The problem: duplicate inputs, duplicate costs
A user uploads a product photo. Your application calls an AI vision API to describe it and estimate a price. The API charges per call.
The same user uploads the same photo three times — or ten users upload the same stock image. Without caching, you pay for ten API calls that return identical results.
At low volume this is background noise. At scale, or with expensive models, it becomes a meaningful cost centre.
The solution: content-addressed caching
Instead of caching by filename or user ID, cache by a hash of the actual content:
import hashlib
import json
def get_cache_key(image_bytes: bytes) -> str:
return hashlib.sha256(image_bytes).hexdigest()
def get_ai_result(image_bytes: bytes) -> dict:
key = get_cache_key(image_bytes)
# Check cache first
cached = db.query("SELECT result FROM ai_cache WHERE content_hash = ?", [key])
if cached:
db.execute("UPDATE ai_cache SET hit_count = hit_count + 1, last_hit_at = ? WHERE content_hash = ?",
[now(), key])
return json.loads(cached["result"])
# Cache miss — call the API
result = call_ai_api(image_bytes)
# Store result
db.execute(
"INSERT INTO ai_cache (content_hash, result, created_at, hit_count) VALUES (?, ?, ?, 0)",
[key, json.dumps(result), now()]
)
return result
The cache key is the SHA-256 of the image bytes. Identical images — regardless of filename, upload time, or user — produce the same key and hit the cache.

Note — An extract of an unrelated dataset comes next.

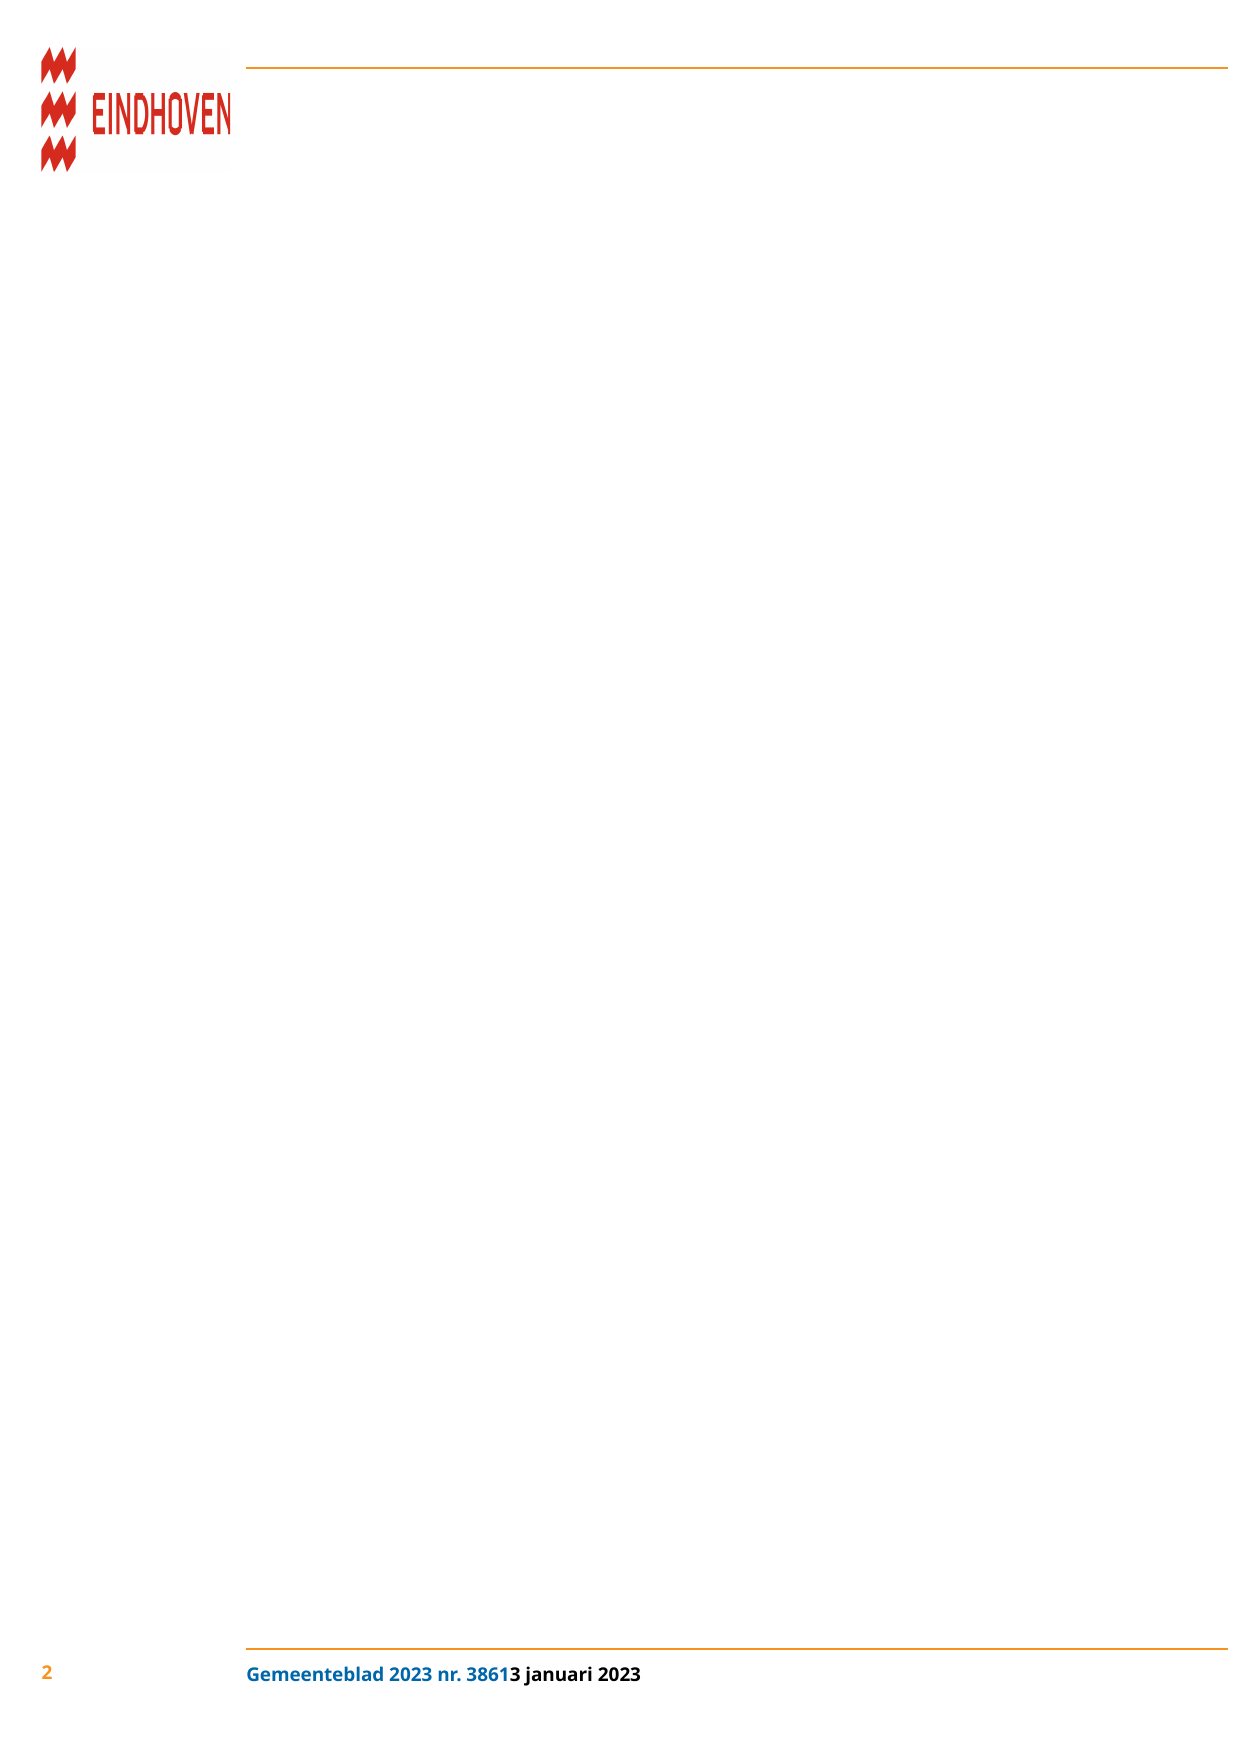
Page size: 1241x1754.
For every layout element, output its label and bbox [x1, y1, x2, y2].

Why SHA-256 and not filename or URL
Filenames are not unique. photo.jpg from User A and photo.jpg from User B may be different images — or the same image. URLs change when files are moved or re-uploaded.
SHA-256 is a content fingerprint. It changes if and only if the bytes change. Two identical images always produce the same hash. No false cache hits, no false misses.
The cache schema
CREATE TABLE ai_result_cache (
content_hash TEXT PRIMARY KEY, -- SHA-256 hex
result TEXT NOT NULL, -- JSON-encoded API response
created_at TEXT NOT NULL,
hit_count INTEGER DEFAULT 0,
last_hit_at TEXT
);
hit_count and last_hit_at give you analytics — how often is the cache being hit, and which results are most frequently reused. This data is useful for understanding your actual API cost savings.
For text inputs, normalise before hashing
For text-based AI calls (classification, summarisation, extraction), normalise the input before hashing:
def normalise_text(text: str) -> str:
return " ".join(text.lower().split())
def get_text_cache_key(text: str) -> str:
normalised = normalise_text(text)
return hashlib.sha256(normalised.encode()).hexdigest()
This ensures "Hello World" and "hello world" hit the same cache entry. Without normalisation, minor formatting differences produce cache misses for semantically identical inputs.
Cache invalidation
Content-addressed caches have a natural invalidation policy: if the AI model changes and you want fresh results, clear the cache. The content hasn't changed, but your definition of a valid result has.
Add a model_version column to the cache table if you need to maintain multiple model versions simultaneously:
ALTER TABLE ai_result_cache ADD COLUMN model_version TEXT DEFAULT 'v1';
Query with both content_hash and model_version. This lets you run old and new model versions in parallel during a migration.
The ROI
Measure it. SELECT SUM(hit_count) FROM ai_result_cache tells you how many API calls were avoided. Multiply by your per-call cost. The number is usually larger than expected.